A secondary analysis of the Birth in Brazil study identified a high prevalence of preventable harm in the context of obstetric care in the Southeast region of the country, with only 2% of women classified as harm-free during childbirth [22]. Specifically in the private sector, CS births before labor presented a fourfold increase in the odds of having one or two or more harms. Thus, the reduction in overall CS and prelabor CS rates would be expected to improve safety measures. Further, an obstetric QI project including interventions targeting stakeholders’ culture, changes in the management level of institutions, and educational interventions would also be expected to improve the adoption of obstetric safety practices and reduce unsafe care events. However, it was not possible to identify a clear effect on safety care measures in the present analysis. These findings highlight the need to include strategies to improve the adoption of evidence-based practices associated with increased obstetric safety alongside QI projects aiming to reduce cesarean section rates [12, 16].

It is not possible to examine the potential causes of the increased likelihood of some unsafe care events in the PPA group by exploring the HBS database. However, it is possible to hypothesize some likely explanations. One of the strategies developed within PPA to reorganize obstetric care was to move from intrapartum care provided by the same obstetrician from prenatal through labor to intrapartum care provided by a hospital team [8,9,10]. In the latter model, providers are hired by the hospital and are maybe more likely to follow institutional guidelines, which may explain the higher chance of receiving magnesium sulphate for severe hypertension. The higher participation of intrapartum CS as opposed to scheduled prelabor CS in the PPA model may partially explain the decline in perioperative antibiotic prophylaxis usage, due to less routine, structured care paths in non-elective surgical procedures. It is worth highlighting that obstetric outcomes that could have been affected by this difference in safety care measures were not worsened by the PPA intervention in our analysis, particularly severe postpartum hemorrhage, antibiotics use (excluding prophylaxis), and severe maternal morbidity.

Our study presents some important limitations.

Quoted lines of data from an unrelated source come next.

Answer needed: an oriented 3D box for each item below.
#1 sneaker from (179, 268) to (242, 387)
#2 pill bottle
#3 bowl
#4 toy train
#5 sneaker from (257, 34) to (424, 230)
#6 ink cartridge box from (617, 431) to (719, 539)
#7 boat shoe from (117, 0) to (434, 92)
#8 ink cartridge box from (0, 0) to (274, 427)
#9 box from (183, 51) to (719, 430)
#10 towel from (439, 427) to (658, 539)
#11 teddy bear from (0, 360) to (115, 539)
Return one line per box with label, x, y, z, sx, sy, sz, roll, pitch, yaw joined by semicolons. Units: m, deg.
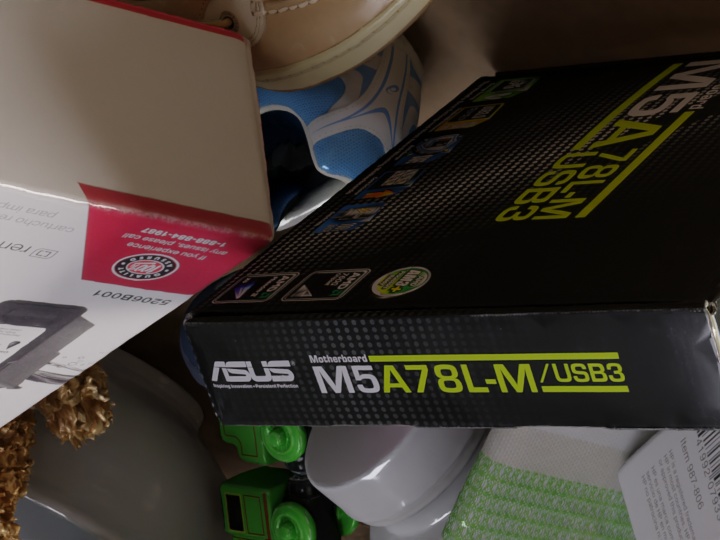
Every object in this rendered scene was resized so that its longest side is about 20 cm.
sneaker;0.000;0.000;1.098;0.200;0.070;0.082;-11;141;32
pill bottle;0.076;0.111;1.171;0.200;0.113;0.113;39;146;-23
bowl;-0.132;0.084;1.277;0.201;0.090;0.201;24;163;8
toy train;-0.030;0.114;1.214;0.056;0.042;0.200;4;105;41
sneaker;-0.055;-0.042;1.070;0.072;0.073;0.200;38;148;-25
ink cartridge box;0.188;0.082;0.964;0.084;0.145;0.200;7;143;-30
boat shoe;-0.040;-0.103;0.966;0.065;0.071;0.200;41;147;-27
ink cartridge box;-0.147;-0.014;0.947;0.145;0.083;0.200;10;149;-38
box;0.076;-0.014;0.901;0.193;0.200;0.048;-4;114;39
towel;0.086;0.116;1.088;0.149;0.200;0.031;15;-162;-31
teddy bear;-0.169;0.038;1.162;0.145;0.200;0.067;-9;167;10

First, the study included a convenience sample with specific eligibility criteria [8]. Thus, HBS findings may not represent all hospitals that joined the PPA project. Differences in baseline characteristics that are known to influence the cesarean section risk were observed between PPA and standard care groups, thus data analysis adjustments were made. However, it is not possible to rule out that the different eligibility criteria to be exposed to the PPA QI intervention in each hospital may have led to differences in baseline characteristics that were not totally possible to account for by using logistic regression adjustments. Additionally, for some of the outcomes the subgroup with available data had a small sample size, which may have impaired our ability to observed differences that larger samples sizes would reveal. Despite these limitations, the HBS large sample size and set of variables allow a comprehensive overview of PPA model results, including its impact in several outcomes simultaneously. These findings raise relevant hypothesis for further investigation regarding the effects of QI interventions to reduce unnecessary cesarean sections.


The Adequate Childbirth Project Quality Improvement intervention was able to reduce cesarean section rates without increasing the chance of adverse obstetric and perinatal outcomes. The bidirectional effect on obstetric safety care measures reinforces that QI initiatives include closer observation of routine and responsive care when implementing interventions to reduce unnecessary C-section, focusing on strategies to disseminate evidence-based practices associated with increased care safety.